02 Feb How selling cushion covers as an MIT freshman taught me sales
I came to MIT to start a company. I chose the school for its unparalleled combination of intellectual rigor and real-world pragmatism. The first startup I got involved in, however, had nothing intellectual about it, nor was it solving any real problem. What this cushion cover startup did, though, was give me a phenomenal experience in sales, one of the most important skills an entrepreneur can have.
Like every ambitious freshman at MIT, I was intent on exploring as many different relevant activities as possible during my first year at MIT. One of these was the e-club, a somewhat underground (at least in 2006, when tech was not in vogue) community of entrepreneurially-minded MIT students with an enigmatic ringleader. All kinds of entrepreneurs and wannabe entrepreneurs would present ideas and the rest of us were meant to provide feedback.
During one of these meetings, an MIT Sloan student presented his company — an import/export play involving embroidered cushion covers. He intended to sell these intricate cushion covers from the Kutch region of India (which is in the news today) in the US and was looking for some sales help. I was captivated by the thought of selling high-quality physical goods from India, a country with which I was intimately familiar, of course. I approached him after the meeting and volunteered to help him. I just wanted to roll up my sleeves and get involved in something real, and this guy seemed to have real product.

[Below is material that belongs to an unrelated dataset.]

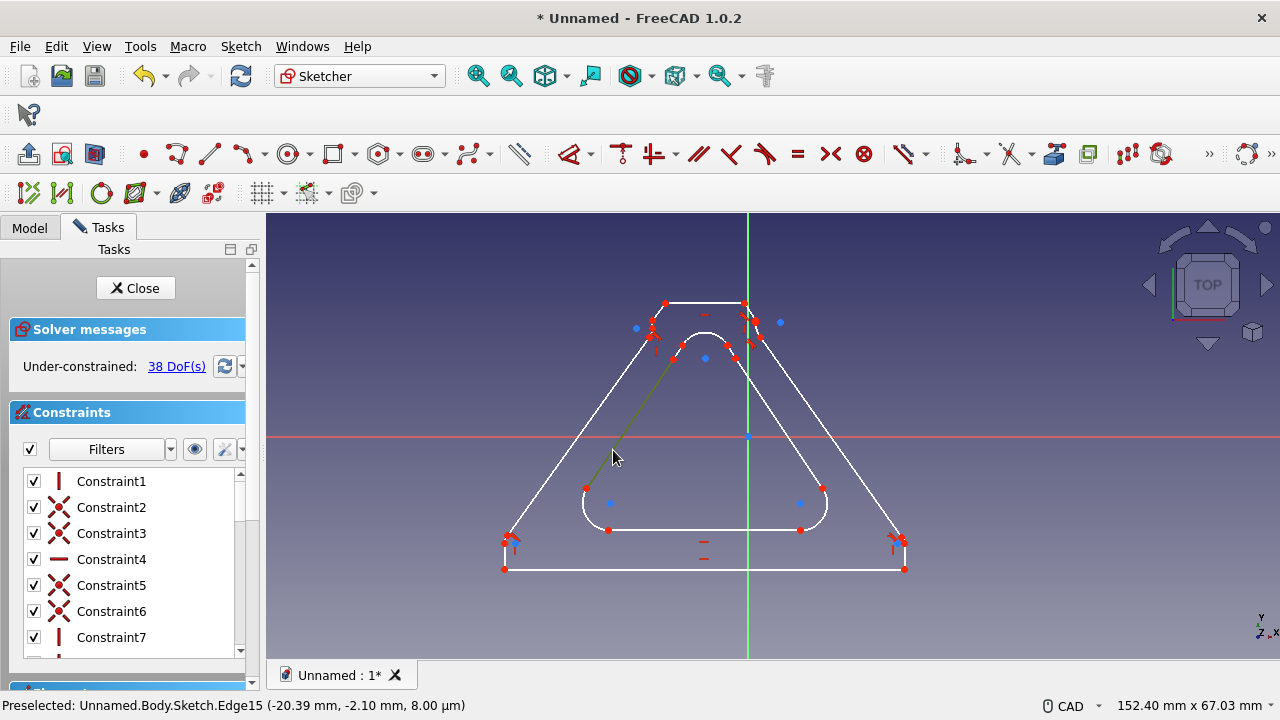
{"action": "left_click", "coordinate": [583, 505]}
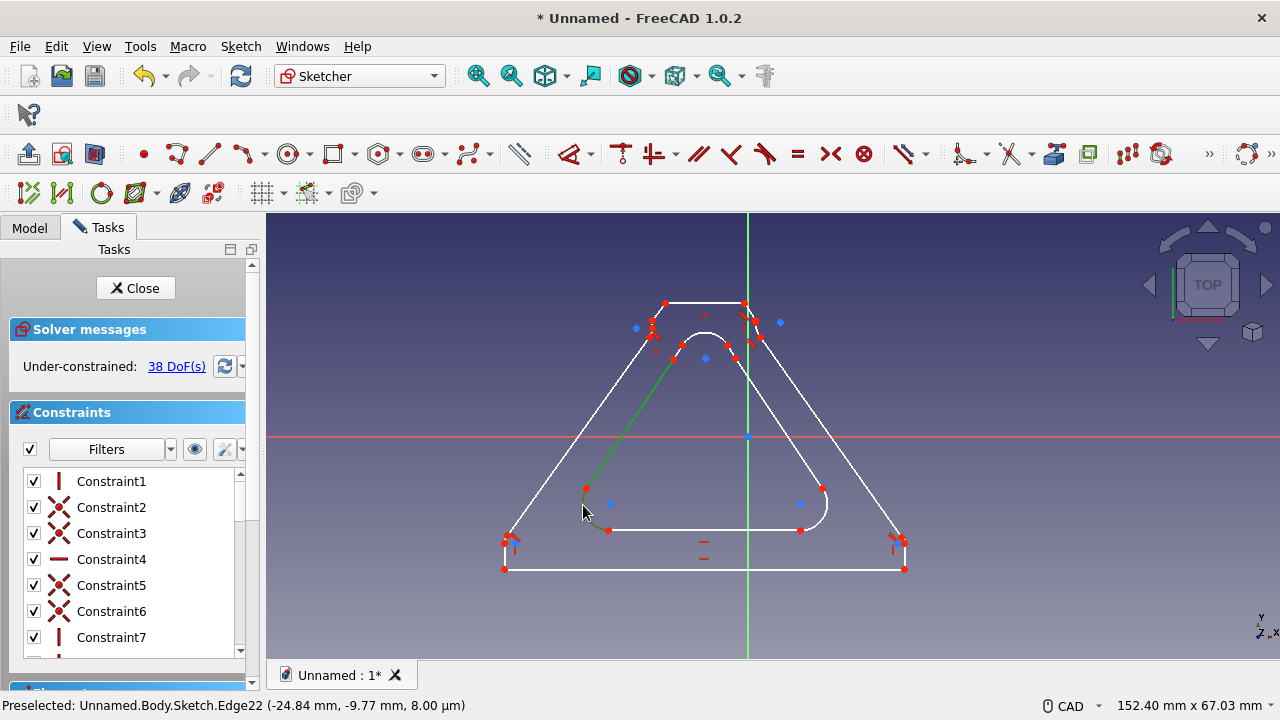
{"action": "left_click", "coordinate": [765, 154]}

I soon realized a real product was essentially all he had — he had no real sales strategy or team. Since he was a full-time MBA student, we agreed my primary responsibility would be to shortlist several local stores that could carry the cushion covers, then go convince them to stock our product. My dorm room quickly became the warehouse, with roughly 200 cushion covers stacked neatly in one corner, much to the bemusement of my roommate.
When I was able to carve out 90 minutes between classes (half of which I must admit I skipped), I would grab a stack of cushion covers and make my way down Massachusetts Avenue, toward Harvard Square’s boutiques or across the river, toward Boston’s Newbury Street. My goal was to maximize my time with the store owners. I got to know them, their personal stories, and their thoughts on the market. I realized that while our product looked great, it was priced significantly higher than the cushion covers the stores already carried, and which already came with relatively premium price tags.

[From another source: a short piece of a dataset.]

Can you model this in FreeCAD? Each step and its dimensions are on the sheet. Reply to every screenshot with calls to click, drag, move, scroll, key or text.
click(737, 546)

This realization was annoying. I decided I would find a way for these stores to carry a pilot set of cushion covers one way or another. I argued relentlessly that our products were much finer than anything they stocked, that our embroidery offered a superior, unique touch, and that consumers would love them. Eventually several of these stores did indeed decide to carry 5–10 cushion covers each, to test consumer demand. I would then visit them after a couple weeks to assess how the covers were selling. The demand was decent, nothing extraordinary, and pricing was a significant drawback, but the feedback regarding the quality of the cushion covers was very positive. I was optimistic I could scale up demand a bit at each store, although I had no sense at the time what it meant to truly scale. I was also secretly hopeful I could convince my boss to reduce the price over time.
Within a semester or so, the cushion cover entrepreneur graduated from Sloan and moved on from the idea (rightly so, in hindsight — he is now running another more exciting startup). The memory faded as I became involved in more endeavors at MIT, but the experience was a valuable way to start my MIT career. It forced me to understand what it meant to (literally) “pound the pavement,” to go door-to-door in a targeted fashion, to understand the value of spending time with customers in-person, and to sell a commoditized product at a higher price. It refined my sales skills.
Recently I rediscovered the remaining few cushion covers in storage and was thankful for the sales experience they gave me. They don’t teach these skills in class, even at business school. There’s only one way to learn them — go out and try to sell something. The less differentiated the product and the higher the price, the more your skills will be tested — and the better salesperson you’ll become.